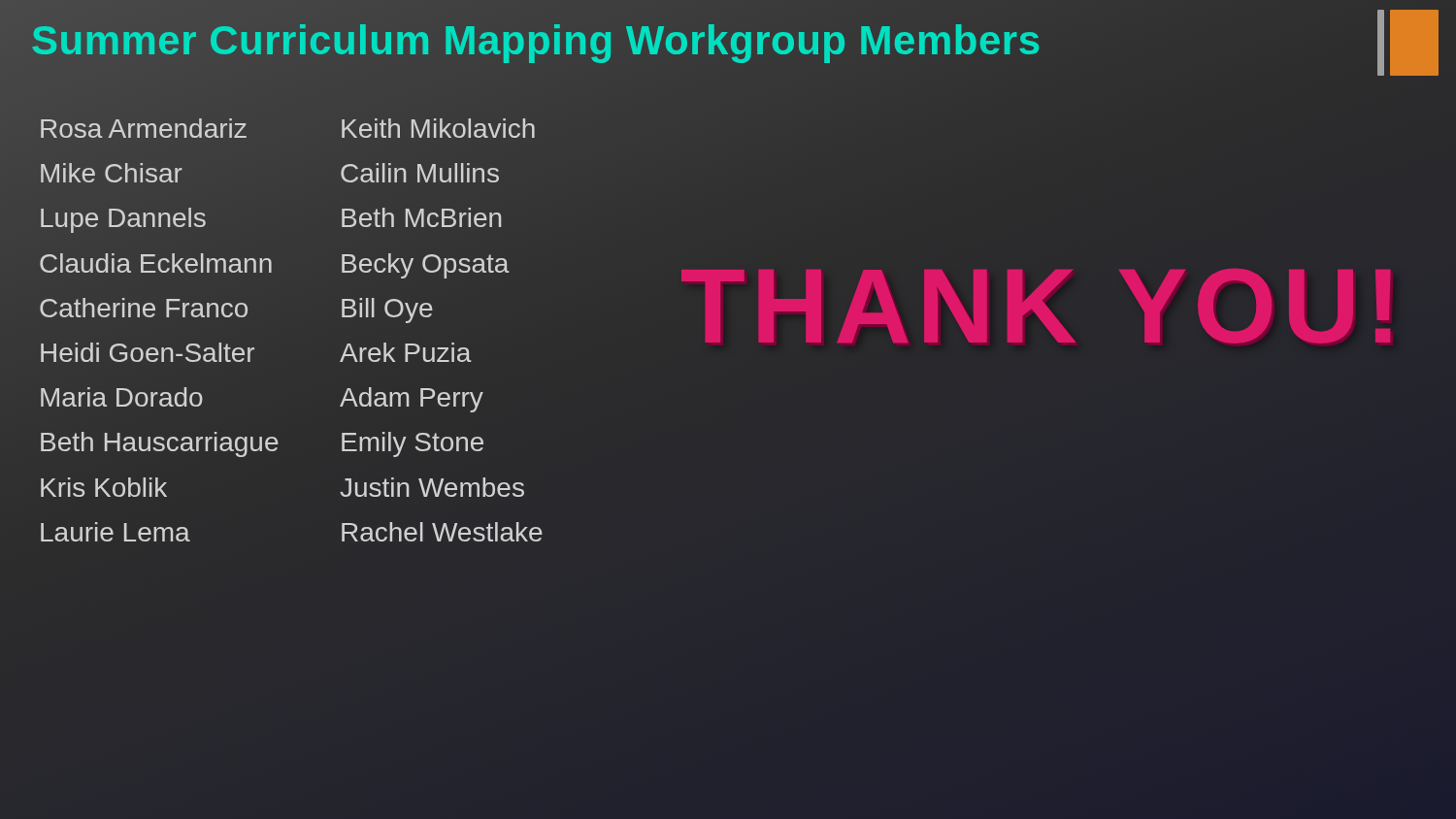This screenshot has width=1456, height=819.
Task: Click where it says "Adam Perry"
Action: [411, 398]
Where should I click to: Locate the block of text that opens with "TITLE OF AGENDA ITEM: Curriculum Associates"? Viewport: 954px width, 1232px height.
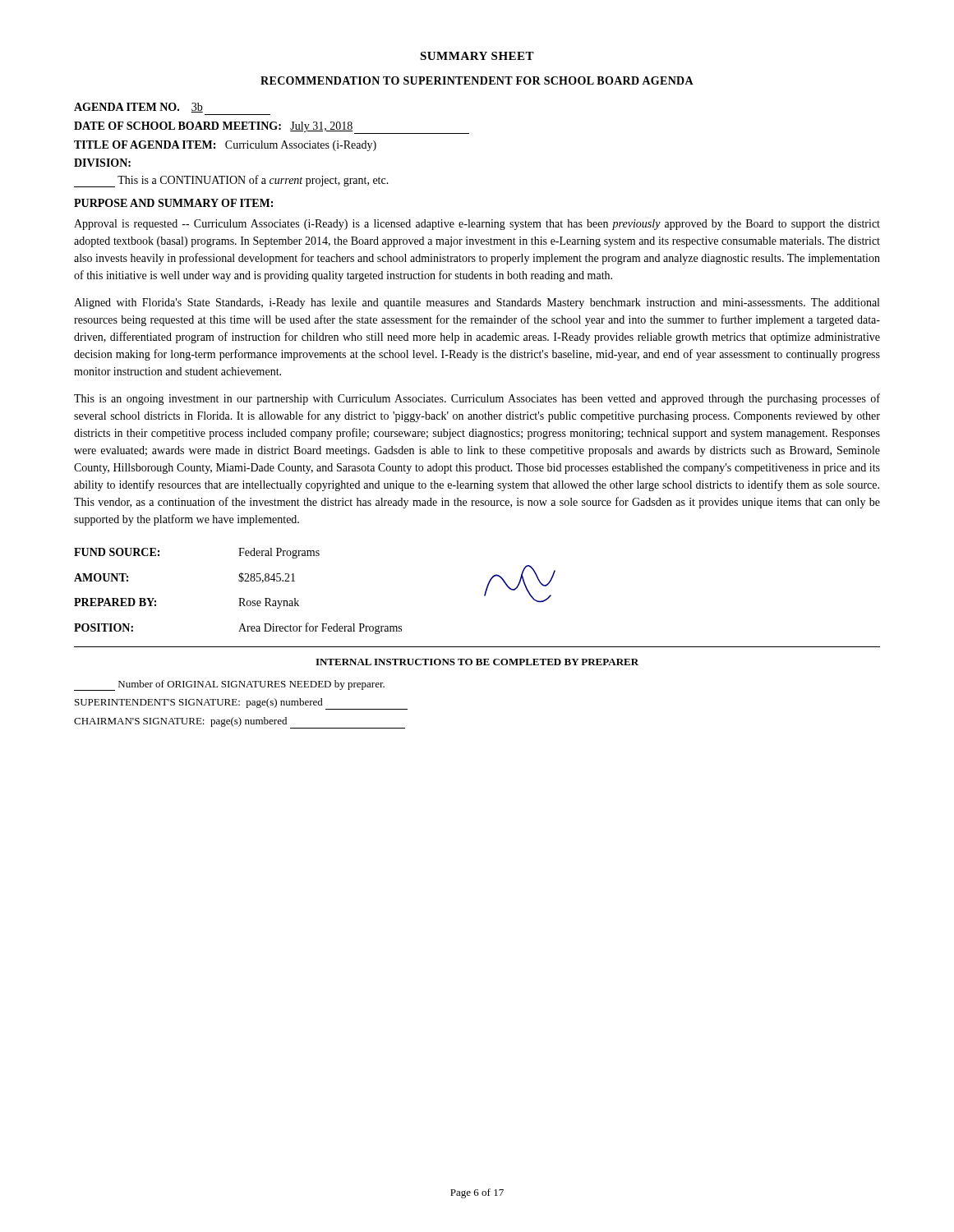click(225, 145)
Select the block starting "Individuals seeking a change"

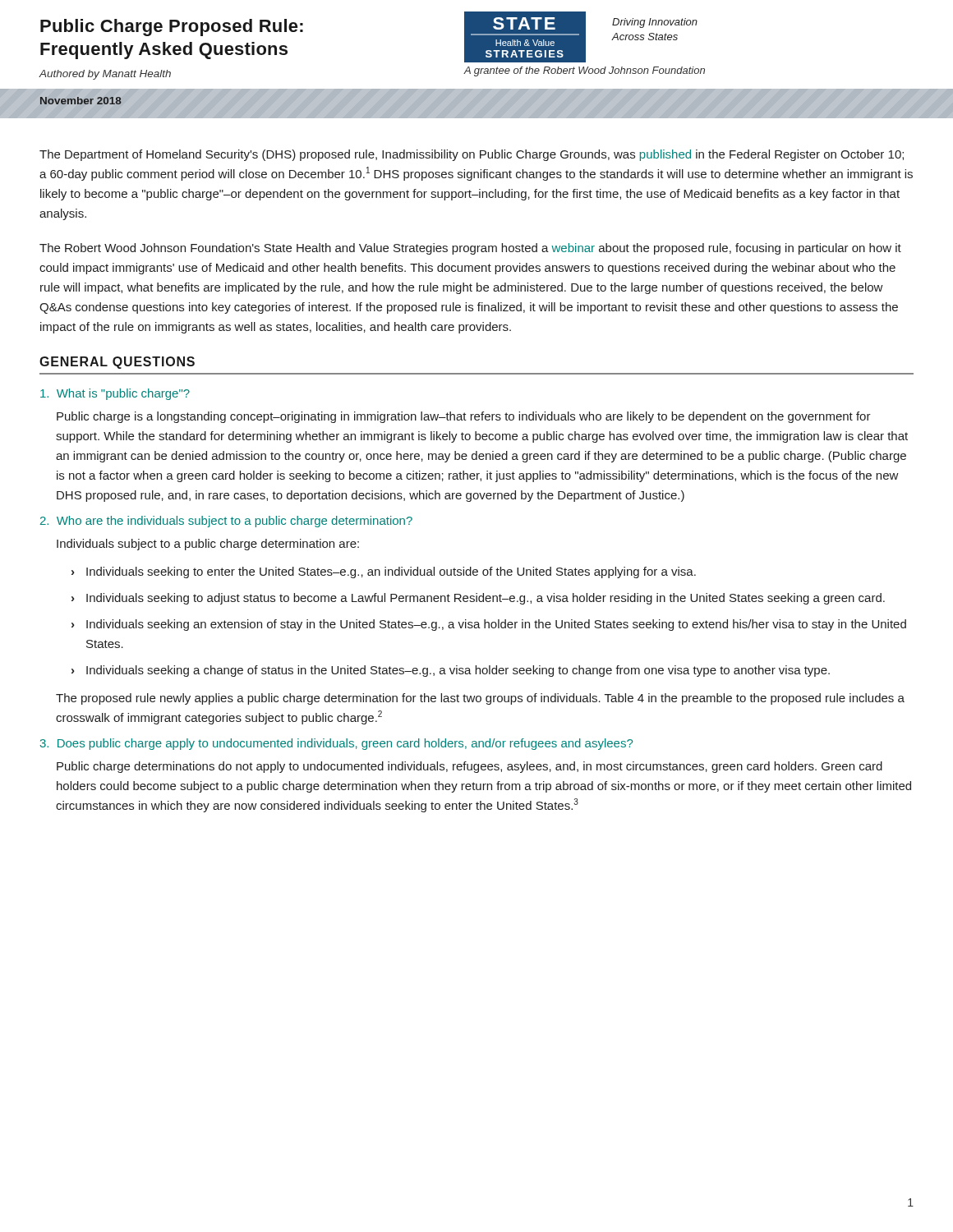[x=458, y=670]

◆ ◆ ◆ ◆

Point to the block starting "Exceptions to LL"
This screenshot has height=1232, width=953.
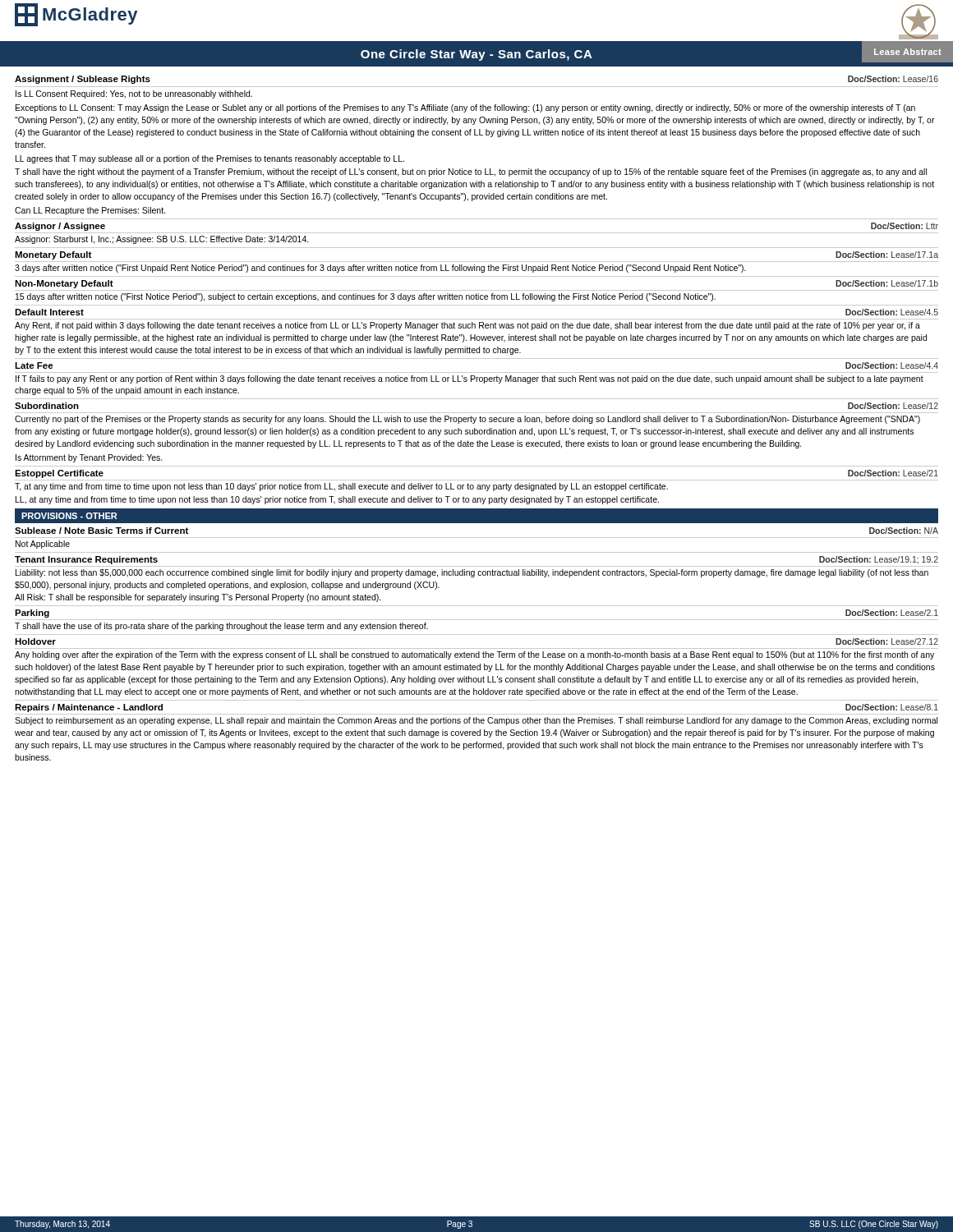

◆ ◆ ◆ ◆

What to work on:
Copy range, inclusive: the line holding "Point to the" to the line holding "This screenshot has height=1232, width=953.". Reproduce exactly those lines of the records above and no others.

Response to this exercise:
Point to the block starting "Exceptions to LL"
This screenshot has height=1232, width=953.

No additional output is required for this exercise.